Here is the data I am setting up for this model. Let’s say I want to predict Y = stat8_flow

day  ; grid1_rain; grid2_rain; ...; grid100_rain; stat1_flow; stat2_flow; ...; stat8_flow
1 jan; 2         ; 4         ; ...; 200         ; 101       ; 102       ; ...; 108
2 jan; 1         ; 12        ; ...;  30         ; 131       ; 182       ; ...;  78

I have introduced all the relevant X’s for one day in the same row. With 160+ X’s, those rows grow very fast.

Notice how the geo-spatial relations between grid squares has been removed. I am not sure if that is a problem. But also, I am not sure how to present the data differently.
Following the Rossmann example, I would create a table with highly redundant data. Merge 160 rain measurements per day into a date-indexed table will produce a lot of NA’s to be filled with … with what exactly?

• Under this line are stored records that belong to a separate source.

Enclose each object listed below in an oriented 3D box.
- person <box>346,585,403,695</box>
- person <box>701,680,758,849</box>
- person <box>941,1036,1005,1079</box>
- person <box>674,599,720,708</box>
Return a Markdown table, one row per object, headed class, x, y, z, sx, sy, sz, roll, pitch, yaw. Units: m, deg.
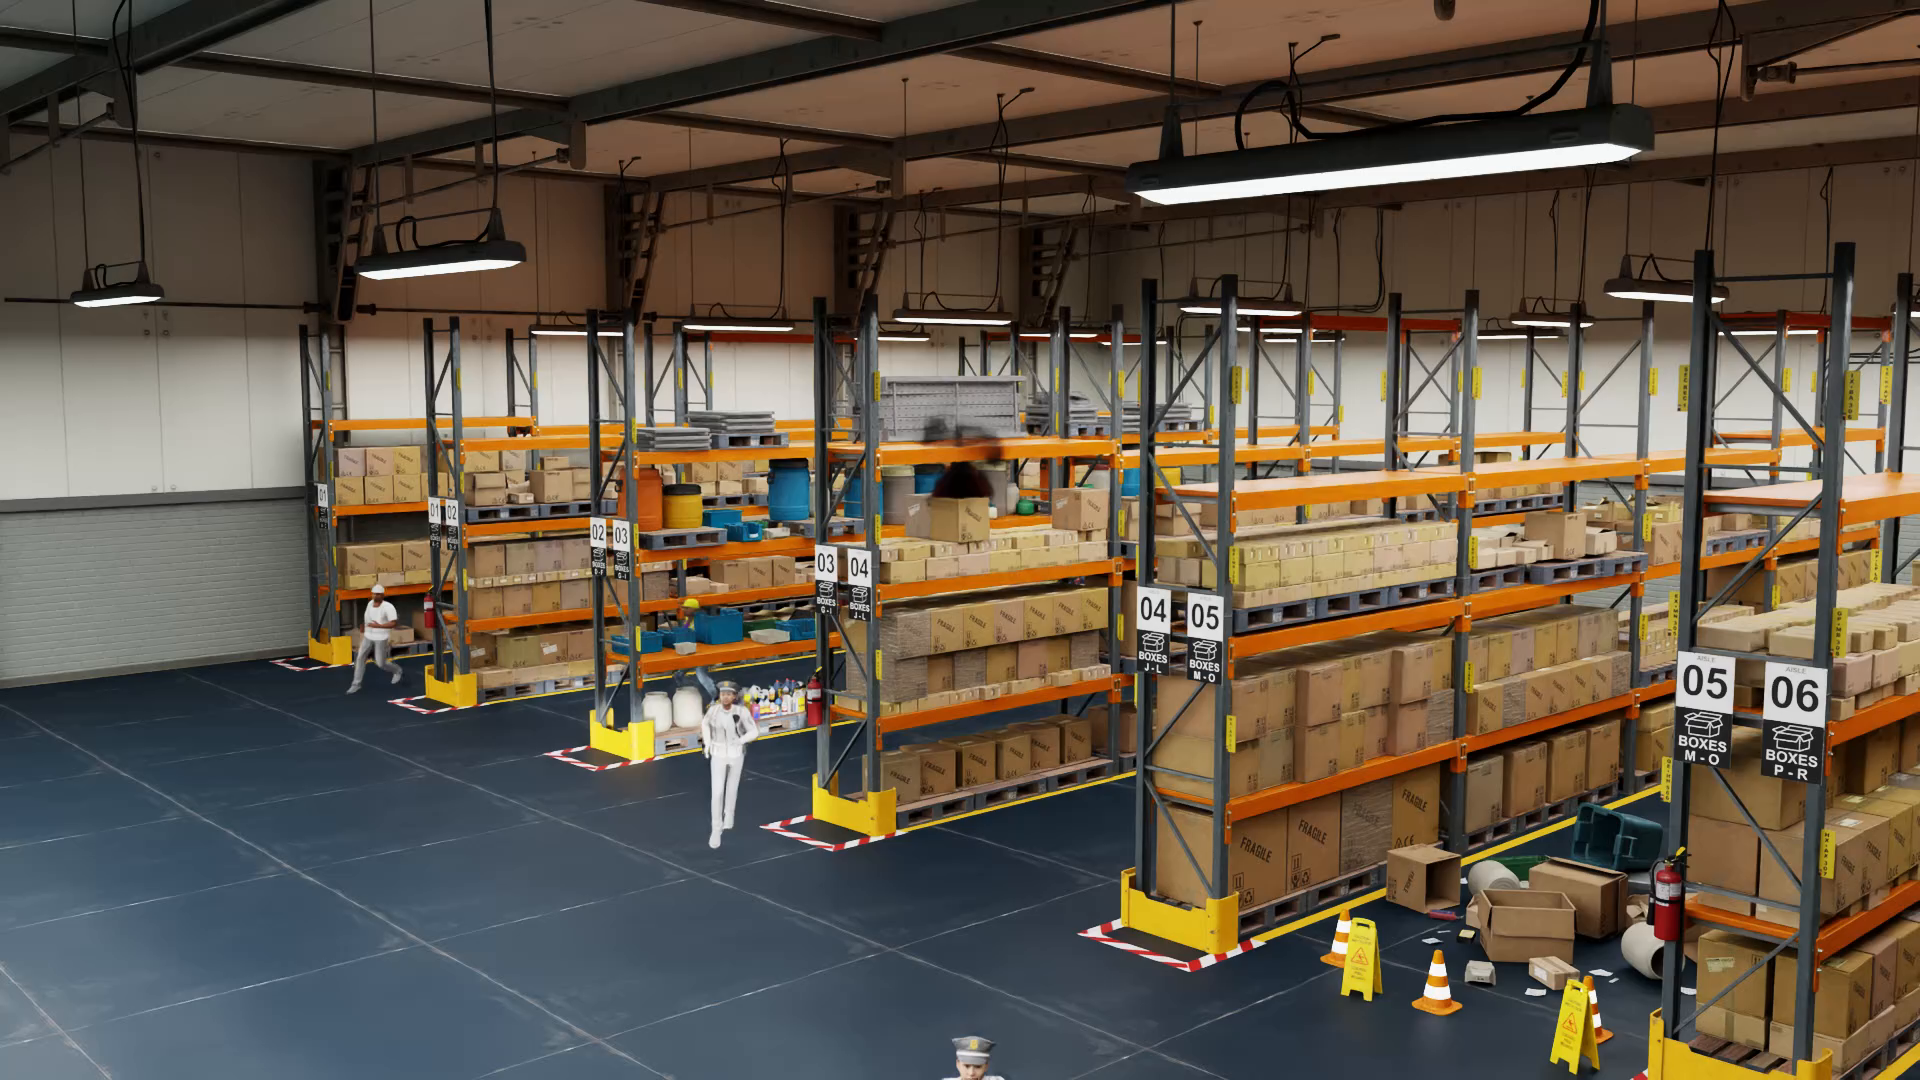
| class | x | y | z | sx | sy | sz | roll | pitch | yaw |
| --- | --- | --- | --- | --- | --- | --- | --- | --- | --- |
| person | -9.434 | 1.590 | 26.965 | 0.723 | 1.745 | 0.944 | 2 | 6 | 22 |
| person | -2.471 | 2.356 | 17.872 | 0.619 | 1.749 | 0.765 | -1 | 6 | -5 |
| person | 0.060 | 3.440 | 8.995 | 0.641 | 1.685 | 0.879 | 0 | 6 | 2 |
| person | -3.973 | 1.760 | 25.150 | 0.835 | 1.784 | 0.729 | -5 | 7 | -39 |

day  ; grid; rain ; stat; flow
1 jan; 1   ; 2    ; NA  ; NA
1 jan; 2   ; 4    ; NA  ; NA
1 jan; ... ; ...  ; NA  ; NA
1 jan; 100 ; 200  ; NA  ; NA
1 jan; NA  ; NA   ; 1   ; 101
1 jan; NA  ; NA   ; 2   ; 102
1 jan; NA  ; NA   ; ... ; ...
1 jan; NA  ; NA   ; 8   ; 108
2 jan; ..........etc.........

I am considering presenting 2D data (geo-spatial rain measurements) as 2D arrays. The flow measurements could be 1D arrays. Both arrays could be placed into a position in a Pandas dataframe.

day  ; rain                  ; flow
1 jan; [[ 2,  4, ...,  18],  ; [101,102, ..., 108]
        [ 0,  0, ...,  29]
         ...
        [13, 15, ..., 200]]
2 jan; ....................etc...............

But would the model be able to handle data with such complicated dimensions?

Why don’t you directly feed data to DL for instance to LSTM network. It can handle the whole data? Do you really need embeddings?

in courses/dl1/lesson3-rossman.ipynb

Jeremy has the following function to create categorical data:

for v in cat_vars: joined[v] = joined[v].astype('category').cat.as_ordered()

Does anyone understand why we need to include ‘as_ordered()’?

I can’t see a reason for this step.

1 Like

Sets the Categorical to be ordered ?

Does that mean we are kind of giving more weights to the categorical columns as on first come service basis?